Goal of the exercise: The line containing "What are the" marks the start, and the last line of the records below marks the end. Print that run exactly and nothing else.

──────── The data ────────

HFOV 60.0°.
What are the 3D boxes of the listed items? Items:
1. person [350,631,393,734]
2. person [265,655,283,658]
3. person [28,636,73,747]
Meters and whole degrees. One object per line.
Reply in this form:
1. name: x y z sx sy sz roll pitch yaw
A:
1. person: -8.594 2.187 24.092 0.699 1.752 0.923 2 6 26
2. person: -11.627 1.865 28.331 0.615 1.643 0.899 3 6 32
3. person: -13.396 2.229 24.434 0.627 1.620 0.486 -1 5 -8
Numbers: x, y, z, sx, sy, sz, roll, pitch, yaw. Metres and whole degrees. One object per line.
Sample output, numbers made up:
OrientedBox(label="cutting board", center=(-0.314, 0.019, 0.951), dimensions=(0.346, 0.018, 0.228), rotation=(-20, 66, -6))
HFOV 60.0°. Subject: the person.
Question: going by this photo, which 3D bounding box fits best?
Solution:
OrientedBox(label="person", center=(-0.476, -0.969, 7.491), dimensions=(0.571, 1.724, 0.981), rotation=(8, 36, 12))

────────

Answer space:
What are the 3D boxes of the listed items? Items:
1. person [350,631,393,734]
2. person [265,655,283,658]
3. person [28,636,73,747]
Meters and whole degrees. One object per line.
Reply in this form:
1. name: x y z sx sy sz roll pitch yaw
A:
1. person: -8.594 2.187 24.092 0.699 1.752 0.923 2 6 26
2. person: -11.627 1.865 28.331 0.615 1.643 0.899 3 6 32
3. person: -13.396 2.229 24.434 0.627 1.620 0.486 -1 5 -8
Numbers: x, y, z, sx, sy, sz, roll, pitch, yaw. Metres and whole degrees. One object per line.
Sample output, numbers made up:
OrientedBox(label="cutting board", center=(-0.314, 0.019, 0.951), dimensions=(0.346, 0.018, 0.228), rotation=(-20, 66, -6))
HFOV 60.0°. Subject: the person.
Question: going by this photo, which 3D bounding box fits best?
Solution:
OrientedBox(label="person", center=(-0.476, -0.969, 7.491), dimensions=(0.571, 1.724, 0.981), rotation=(8, 36, 12))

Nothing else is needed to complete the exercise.